Armi turche da Bamako a Mosca
I documenti trapelati mostrano l’ambizione del gruppo mercenario Wagner di operare negli Stati africani (e anche questo non è affatto una novità, bensì sarebbe una conferma) e ad Haiti, e che il gruppo paramilitare aveva escogitato piani per procurarsi segretamente armi dalla Turchia, membro della Nato.
In uno dei rapporti si legge che all’inizio di febbraio, membri di Wagner avrebbero incontrato i contatti turchi per acquistare armi e attrezzature dalla Turchia. E, soprattutto, si suggerisce che il Mali avrebbe il ruolo di acquirente per procura. Proprio in Mali il gruppo Wagner è molto presente e secondo i documenti entrati in possesso della stampa statunitense nello Stato dell’Africa occidentale ci sarebbero 1.645 combattenti mercenari.
Le armi e le attrezzature acquistate dalla Turchia con l’intermediazione del Mali – anzi si parlerebbe proprio del presidente di transizione Assimi Goïta – sarebbero servite per le azioni del gruppo in Ucraìna, ma anche nello stesso Mali.
In qualche modo dalla documentazione rimane fuori il presidente turco Recep Tayyp Erdogan, perché non è chiarito se le autorità turche fossero a conoscenza delle manovre. Ma non è chiaro neanche se la transazione sia stata portata a termine.
Contro propaganda?
Tuttavia, l’impressione è che – nonostante la documentazione riveli che gli Stati Uniti siano penetrati nei servizi militari e di intelligence russi e che Washington stia spiando non solo i “nemici”, come la Cina, ma persino alcuni dei suoi più stretti alleati, tra cui Ucraìna, Israele e Corea del Sud – alcune informazioni non siano proprio una novità.
Come quelle riguardanti la propaganda, appunto, o le “valutazioni” secondo cui la Francia probabilmente avrà difficoltà a raggiungere gli obiettivi di sicurezza nell’Africa occidentale e centrale.
E c’è anche chi ha messo in dubbio la veridicità di quanto emerso, primo tra tutti lo stesso dipartimento della difesa americano che ha avvertito che almeno alcuni dei files sono stati falsificati. Quasi che la fuga di notizie abbia fatto un percorso deciso a priori, spinto dalla volontà di far emergere alcune informazioni specifiche, di portare le cose alla luce del sole, di lanciare un messaggio. Una sorta di contro propaganda. Ma queste, per ora, sono illazioni.
Fatto sta che, non a caso, nei materiali si fa riferimento alla grave carenza di munizioni che deve affrontare l’esercito ucraìno. Anzi, proprio su questo, sono state rivelate intercettazioni di conversazioni tra alti funzionari della sicurezza nazionale sudcoreana sul fatto che il paese venderebbe proiettili di artiglieria che potrebbero essere usati in Ucraìna.

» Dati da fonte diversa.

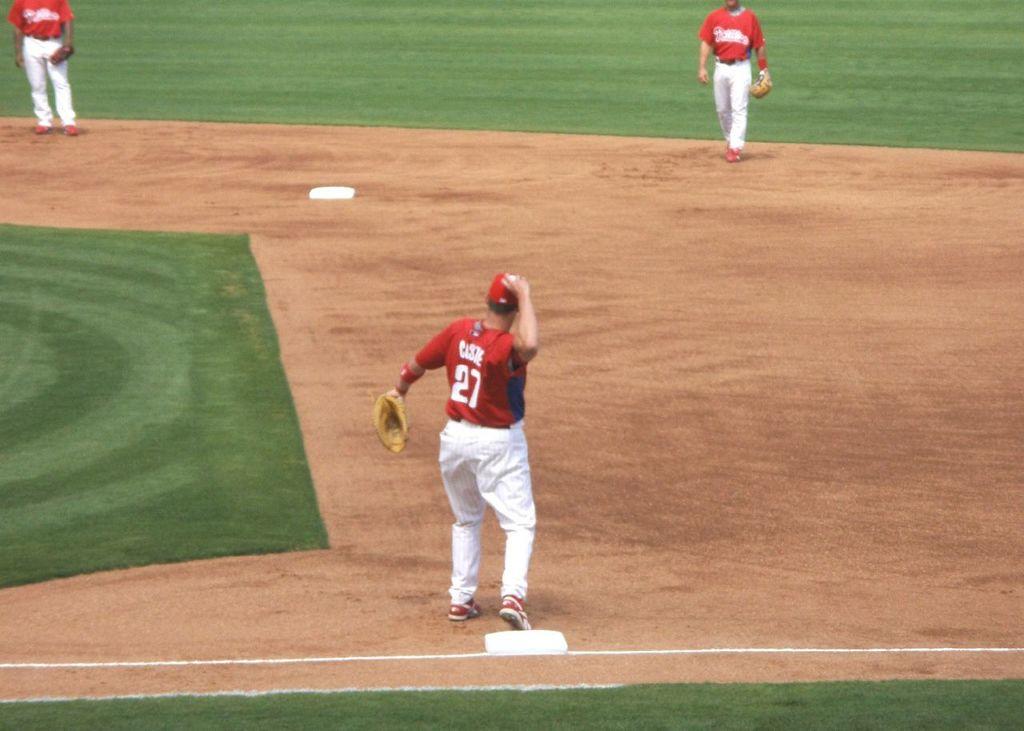What is the player's number?
Give a very brief answer. 27. What is the name written above the number 27?
Your answer should be very brief. Unanswerable.

Ciò ha portato a una reazione politica a Seoul, dove esponenti dell’opposizione hanno denunciato quella che hanno definito “una chiara violazione della nostra sovranità da parte degli Stati Uniti”. Reazioni anche da parte di Israele che respinge le accuse di un’attività del Mossad legata all’invio di armi letali in Ucraìna. Mentre anche altri paesi europei, tra cui la Bulgaria, sarebbero pronti ad inviare a Kiev armi e aerei da combattimento.
Sul fronte opposto un documento parla invece di accordi tra Mosca e il presidente egiziano al-Sisi per la fornitura di 40mila razzi alla Russia. Affermazione smentita prima da un alto funzionario egiziano e poi anche dal portavoce del Consiglio di sicurezza nazionale della Casa Bianca, John Kirby: «non abbiamo alcuna indicazione che l’Egitto stia fornendo capacità di armi letali alla Russia».
Da ricordare che il Cairo è uno dei principali destinatari al mondo di aiuti bellici americani. E che l’export di armi dalla Russia all’Egitto è aumentato del 44% (terzo destinatario al mondo dopo India e Cina), secondo gli ultimi, recenti dati del Sipri.
E mentre, esperti cinesi affermano che “la recente fuga di documenti sull’esercito ucraìno ha messo in luce che la disunione, la sfiducia e le divergenze tra Stati Uniti, Occidente e Ucraìna che sono gravi e continuano a peggiorare” e che “Washington è il più grande ostacolo per la comunità internazionale nel promuovere un cessate il fuoco e colloqui di pace”, non si registra nessuna reazione, fino a questo momento, dai leader africani.